In the same year, Virulence published another interesting study related to the G. mellonella model, in which this insect’s immune response to infection was extensively explored by Fallon and colleagues.¹⁵ In this study, the authors demonstrated that prior exposure of G. mellonella larvae to non-lethal doses (1 × 10⁴ or 1 × 10⁵) of Aspergillus fumigatus conidia increased the larval survival rate when a lethal dose (1 × 10⁷) was administered 24 h later, suggesting that the inoculation of G. mellonella with non-lethal doses of A. fumigatus conferred a significant protective response against a subsequent lethal inoculum. According to Fallon et al.,¹⁵ insects do not have an immune system that is analogous to the adaptative immune response of mammals in terms of antibody generation, but they do have the capacity to mount an immune response in anticipation of a subsequent infection that has some elements that are similar to the function of the adaptive immune response in mammals. This study significantly contributes to research exploring G. mellonella as a model host, because an understanding of the mechanisms employed by insects to withstand infection is critical to their successful use as models for human pathogens.

Thus, we have observed that G. mellonella as a model for the study of infectious diseases has achieved increasing acceptance among scientific researchers, and the use of this invertebrate model in medical research extends to many laboratories around the world.
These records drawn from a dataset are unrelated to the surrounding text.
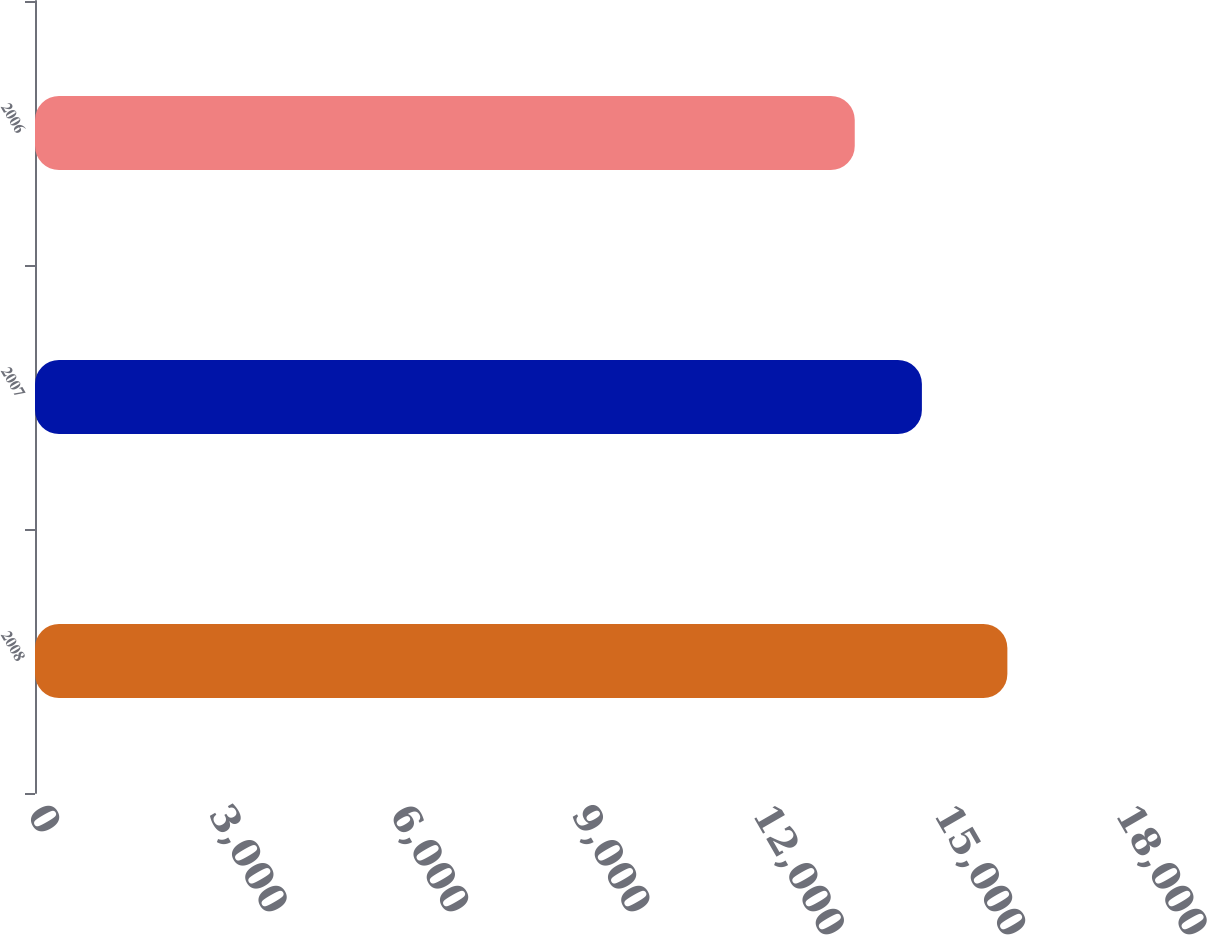Convert chart to OTSL. <chart><loc_0><loc_0><loc_500><loc_500><bar_chart><fcel>2008<fcel>2007<fcel>2006<nl><fcel>16087<fcel>14673<fcel>13562<nl></chart> 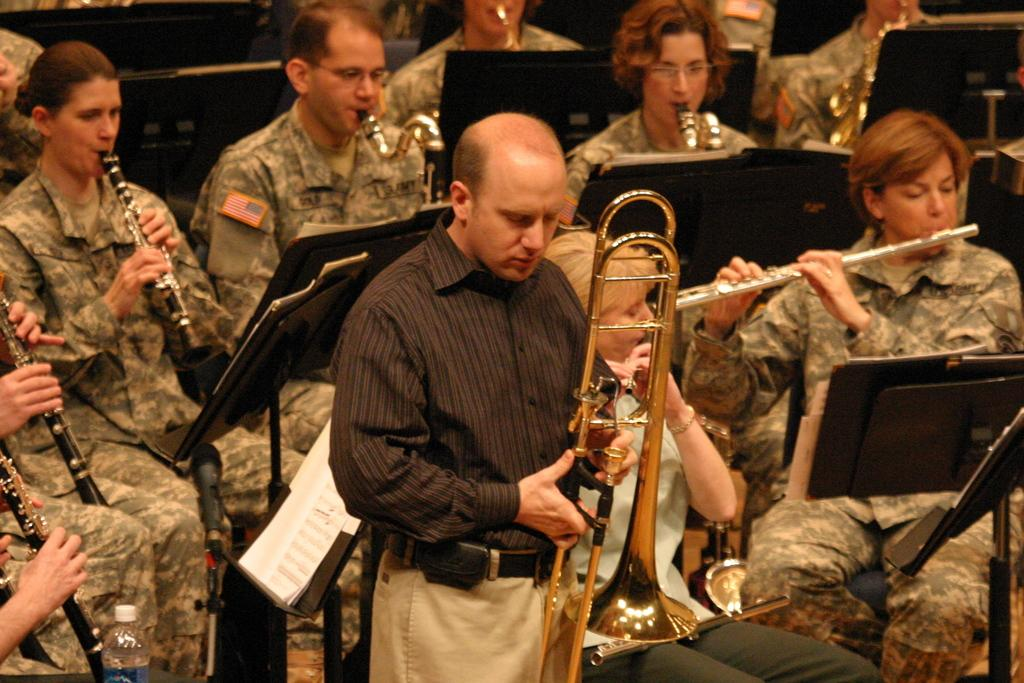Who or what can be seen in the image? There are people in the image. What are the people doing in the image? The presence of musical instruments suggests that the people might be playing music. What else is visible in the image besides the people and musical instruments? There is a bottle and other objects in the image. What type of skirt is the tree wearing in the image? There is no tree or skirt present in the image. Can you tell me how many berries are on the ground in the image? There are no berries visible in the image. 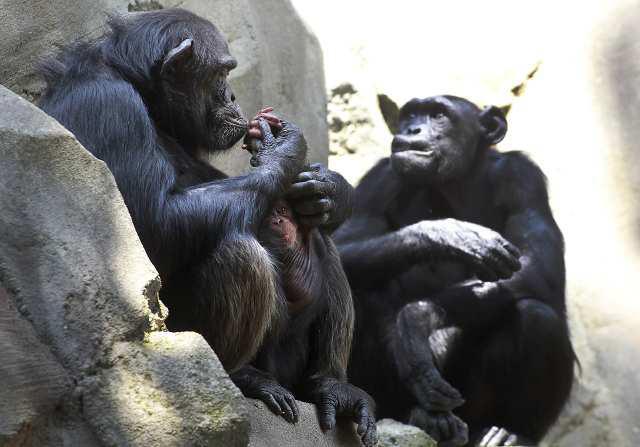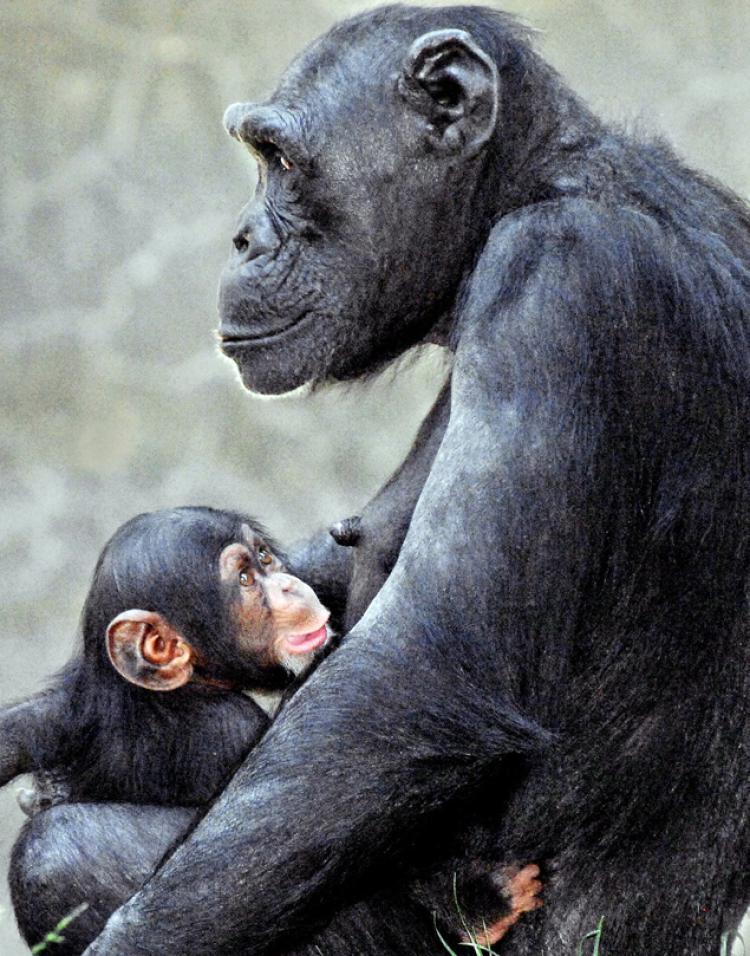The first image is the image on the left, the second image is the image on the right. Analyze the images presented: Is the assertion "The right image shows an adult chimp sitting upright, with a baby held in front." valid? Answer yes or no. Yes.

Recently, important studies were published from different countries, such as the US,^12,16,17 Ireland,^15,17,18 Canada,¹⁹ the United Kingdom,²⁰ Spain,²¹ Germany,^22,23 Brazil,²⁴ Tunisia,²⁵ Greece,²⁶ South Korea,²⁷ Poland,²⁸ Italy²⁹ and Norway.³⁰ Therefore, studies need to be developed to determine standardized conditions for the propagation and maintenance of G. mellonella larvae.
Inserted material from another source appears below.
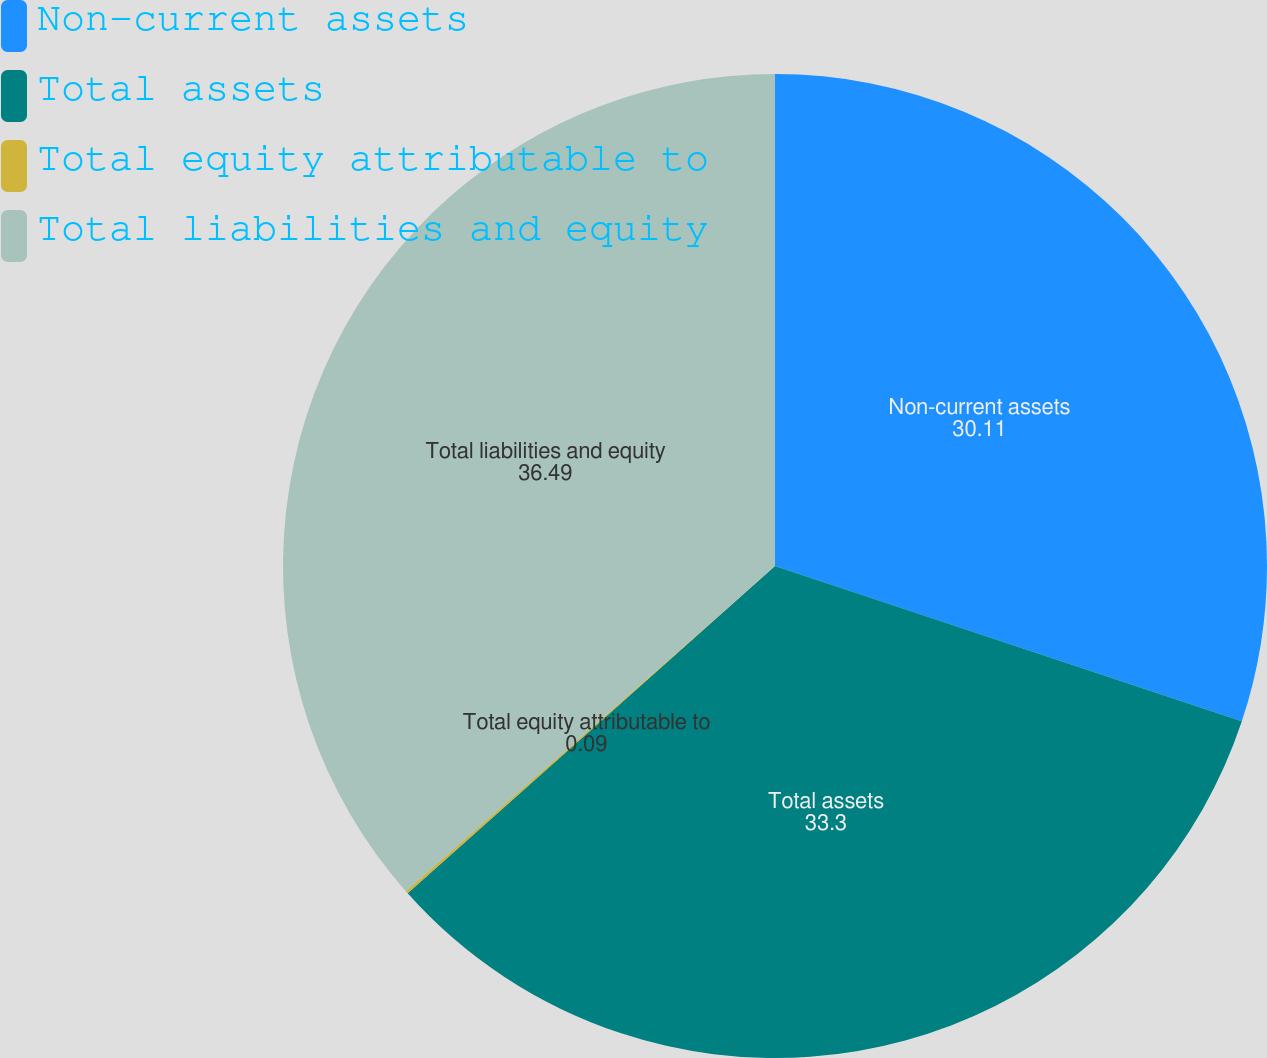Convert chart to OTSL. <chart><loc_0><loc_0><loc_500><loc_500><pie_chart><fcel>Non-current assets<fcel>Total assets<fcel>Total equity attributable to<fcel>Total liabilities and equity<nl><fcel>30.11%<fcel>33.3%<fcel>0.09%<fcel>36.49%<nl></chart>

In this issue of Virulence, Banville and colleagues³¹ have published a study to evaluate the effect of nutritional deprivation on the ability of larvae to withstand infection. The objective of this study was to establish standardized conditions for larval treatment for in vivo testing, given that some researchers incubate larvae with a food source during experiments, while others do not. The authors observed that larvae deprived of nutrition for 7 days demonstrated increased susceptibility to infection with the fungal pathogen C. albicans. Starved larvae demonstrated a slight reduction in hemocyte density, but the hemocytes from starved larvae were as effective at killing C. albicans cells as those from unstarved larvae. Hemolymph from starved larvae showed reduced expression of a range of antimicrobial peptides and immune proteins. Banville et al.³¹ concluded that the deprivation of G. mellonella larvae of food leads to a reduction in cellular and immune responses and an increased susceptibility to infection, indicating that researchers utilizing G. mellonella for the study of human pathogens should specify whether food is provided to the larvae to allow valid comparisons between results from different laboratories.
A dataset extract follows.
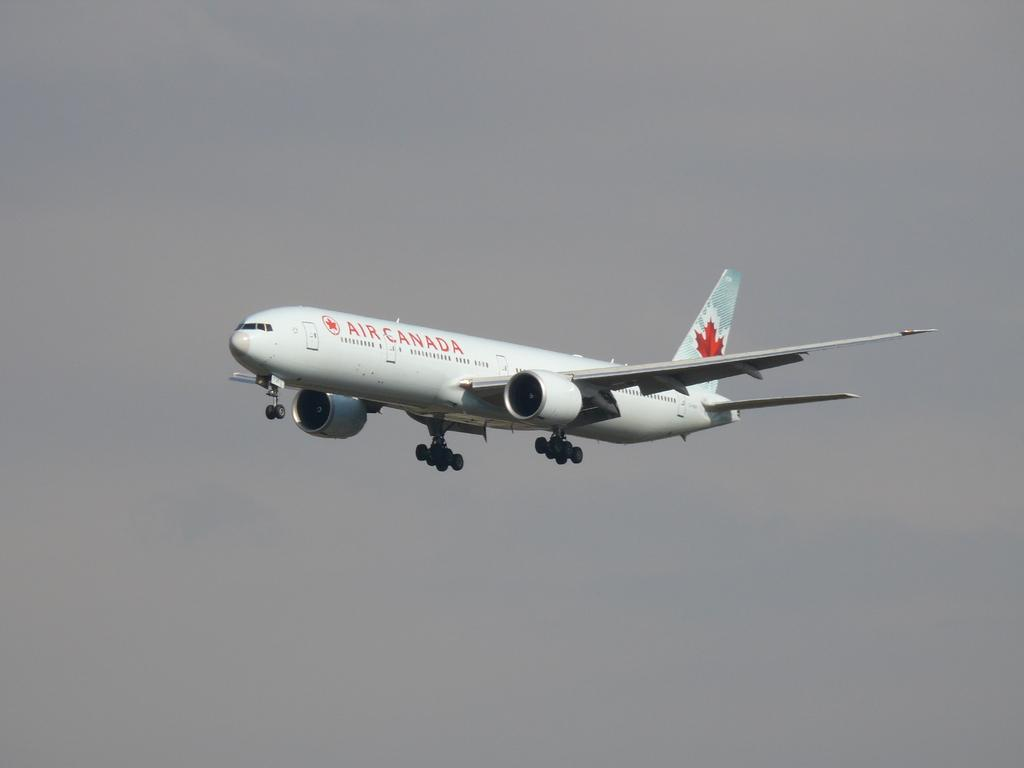<image>
Present a compact description of the photo's key features. an Air Canada plane in the sky about to land 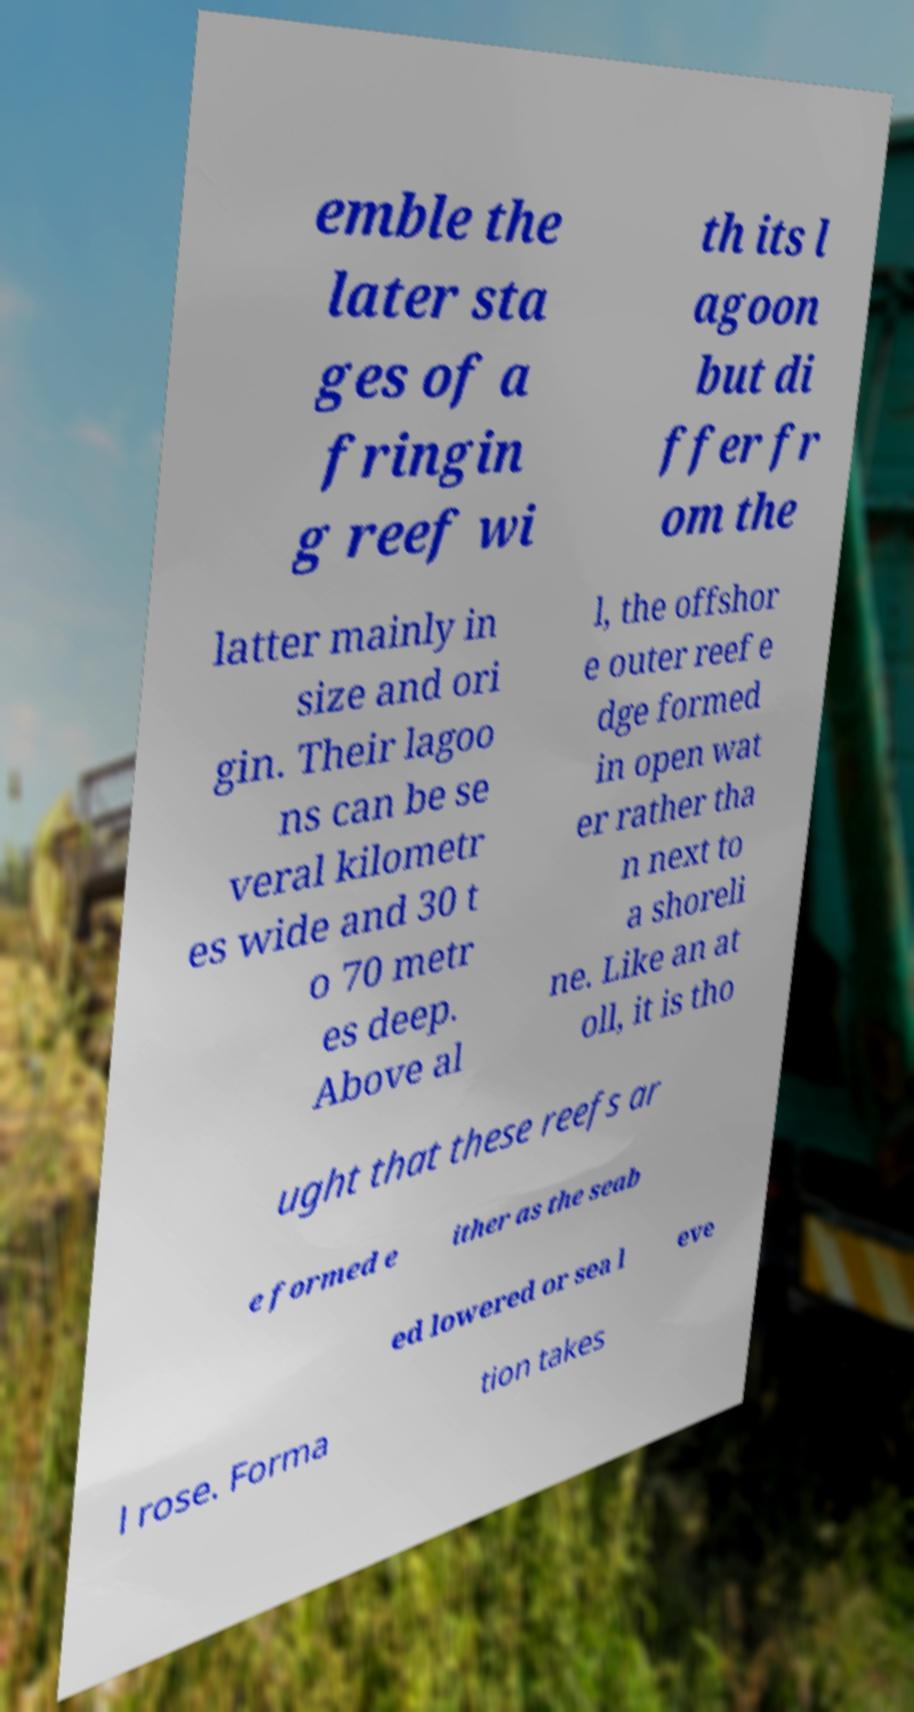Please identify and transcribe the text found in this image. emble the later sta ges of a fringin g reef wi th its l agoon but di ffer fr om the latter mainly in size and ori gin. Their lagoo ns can be se veral kilometr es wide and 30 t o 70 metr es deep. Above al l, the offshor e outer reef e dge formed in open wat er rather tha n next to a shoreli ne. Like an at oll, it is tho ught that these reefs ar e formed e ither as the seab ed lowered or sea l eve l rose. Forma tion takes

According to the studies cited above, it is evident that the number of studies using G. mellonella as a model host has increased significantly in the last few years. In addition, there has been an improvement in the techniques used with this model, which allows further possibilities for the development of other studies. Certainly, the articles published in Virulence represent an important scientific contribution for the advancement of research utilizing G. mellonella as a model host for human pathogens.